Thomas H. Scott and Lynn D. Scott, Transferees - Page 20

                                       - 20 -                                         

               At the closing of the MSSTA transaction, Mr. Scott, in his             
          capacities as president, director, and stockholder of MSSTA,                
          knew, and consequently MSSTA knew, inter alia, that (1) the MSSTA           
          transaction took the form that it did because Mr.
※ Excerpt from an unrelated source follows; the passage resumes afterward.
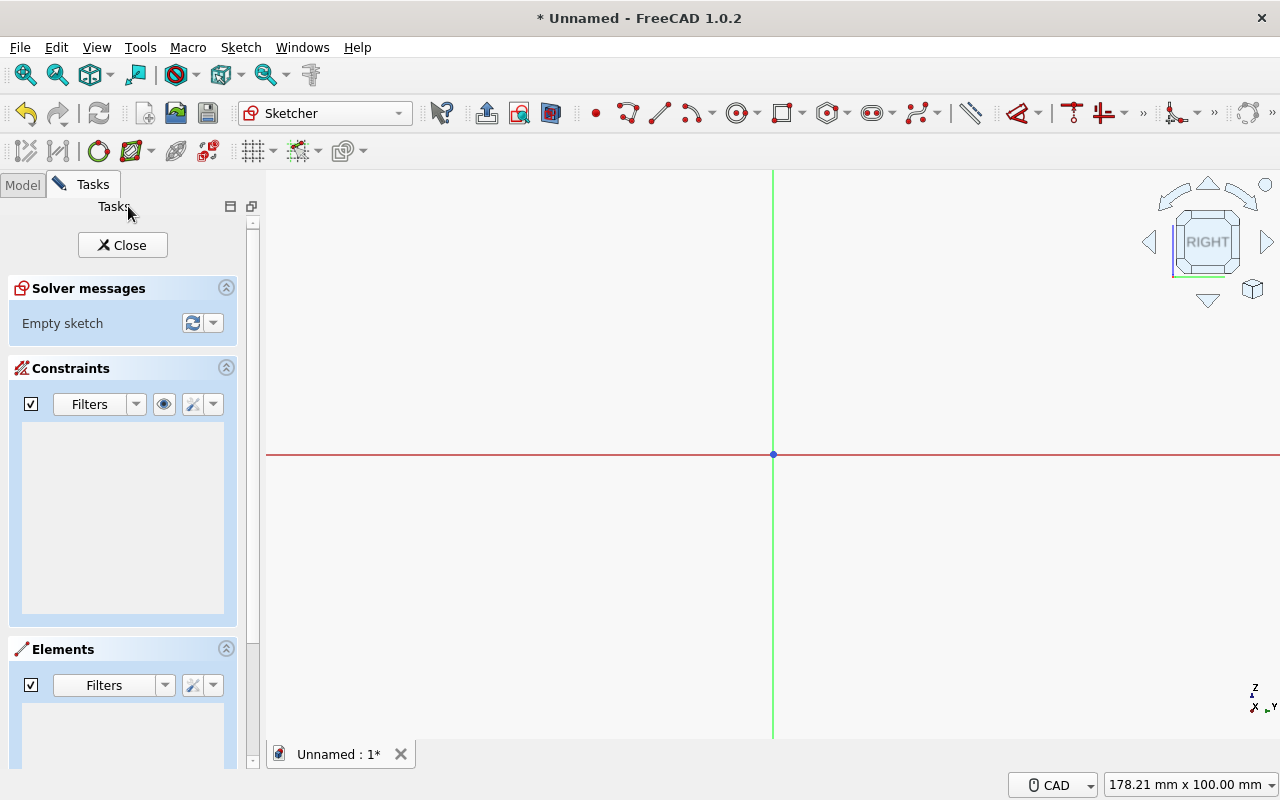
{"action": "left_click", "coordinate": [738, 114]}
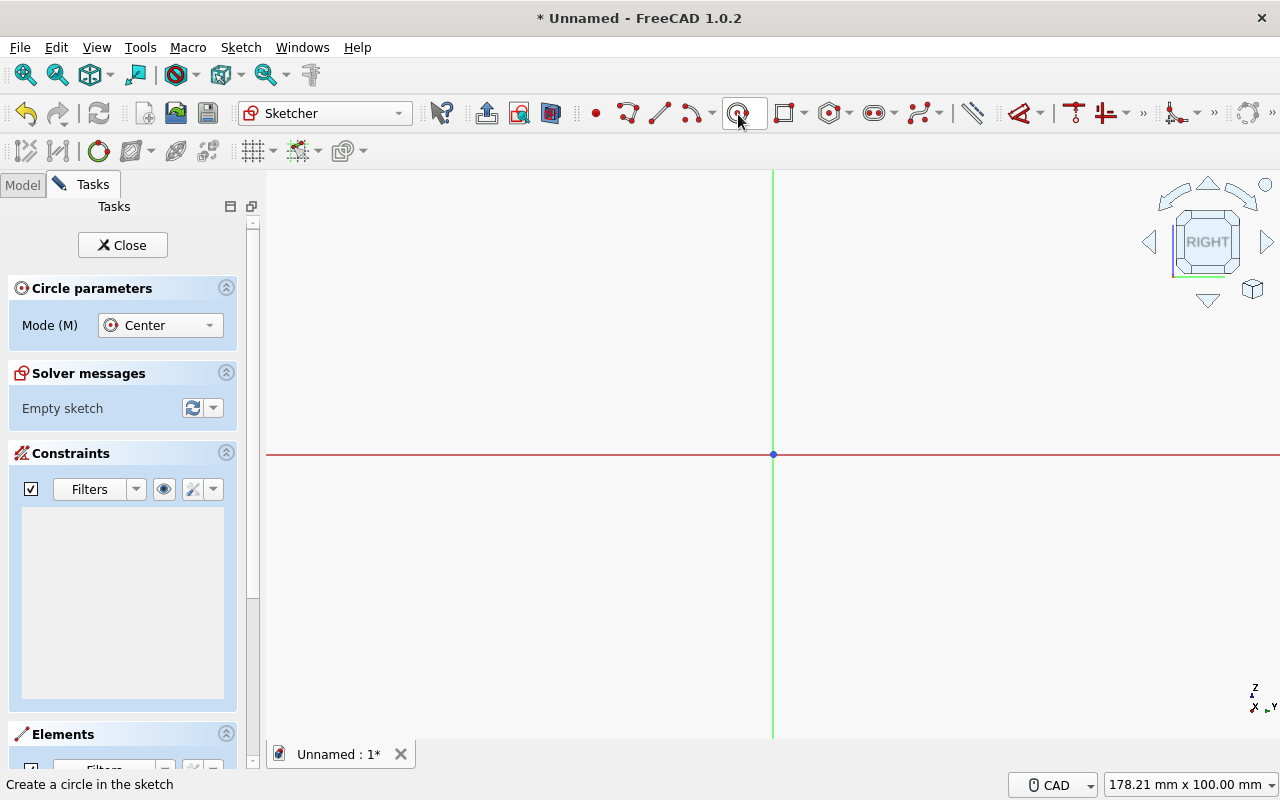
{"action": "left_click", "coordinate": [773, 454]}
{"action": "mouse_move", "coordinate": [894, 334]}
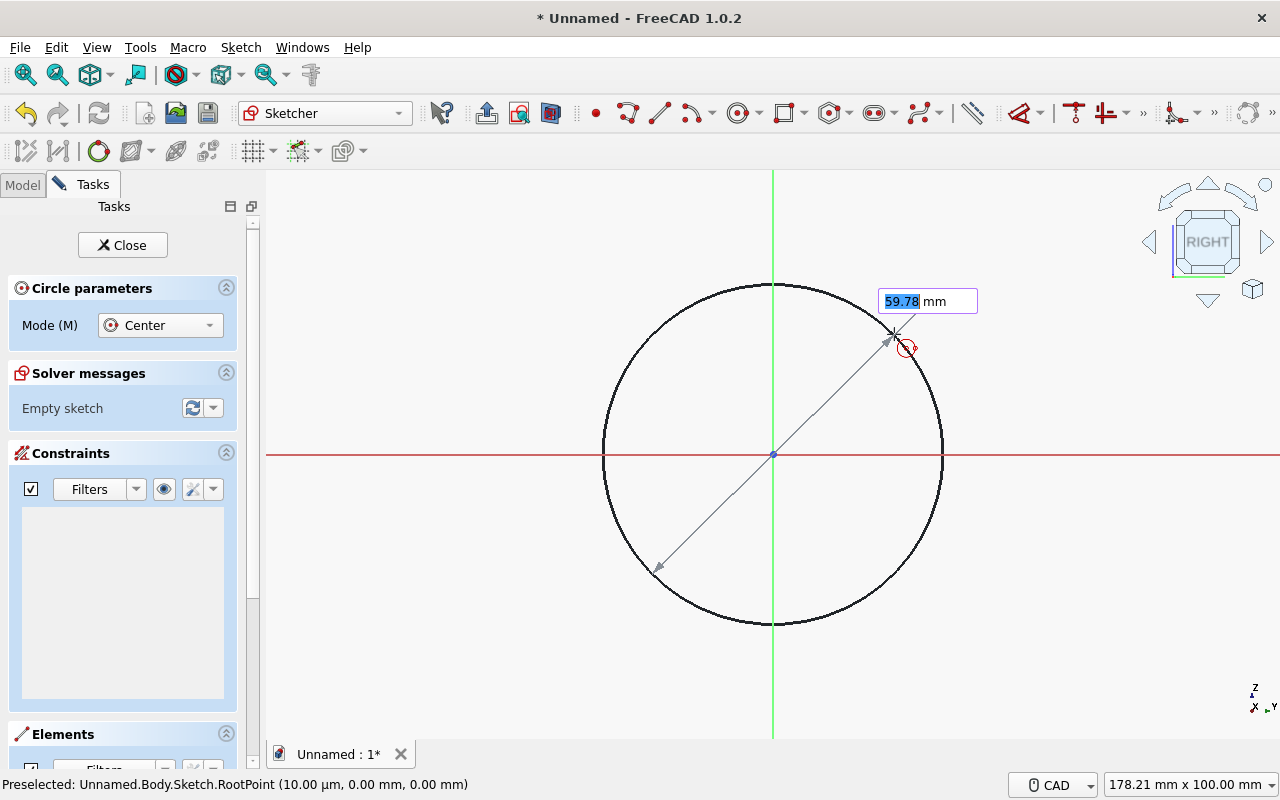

Scott did not             
          want to pay any taxes as a result of that transaction; (2) the              
          Scotts were not purchasing an aggregate 21-percent stock interest           
          in AST in exchange for the nominal cash amount of ten cents a               
          share and/or their aggregate 48-percent stock interest in MSSTA;5           
          (3) AST was not purchasing MSSTA's assets for only $300,000, but            
          instead, in substance, was purchasing those assets for an amount            
          substantially in excess of $300,000 consisting of cash and a 21-            
          percent stock interest in AST; (4) the Service could decide not             
          to accept the return positions that MSSTA and the Scotts intended           
          to take with respect to the MSSTA transaction (viz., MSSTA would            
          report only the $300,000 that it received directly from AST as              
          the amount realized from the sale of MSSTA's assets, and the                
          Scotts would not report any income since there were no liqui-               
          dating distributions to them by MSSTA) because the Scotts would             
          be paying only a nominal cash amount for a 21-percent stock in-             
          terest in AST and would not be reporting any income attributable            
          to liquidating distributions by MSSTA to them; and (5) MSSTA's              
          tax liability would be about $10,000, and the Scotts would not              

          5  The Scotts acquired a total of 33 percent of the stock of AST            
          as part of the MSSTA transaction.  See supra p. 19.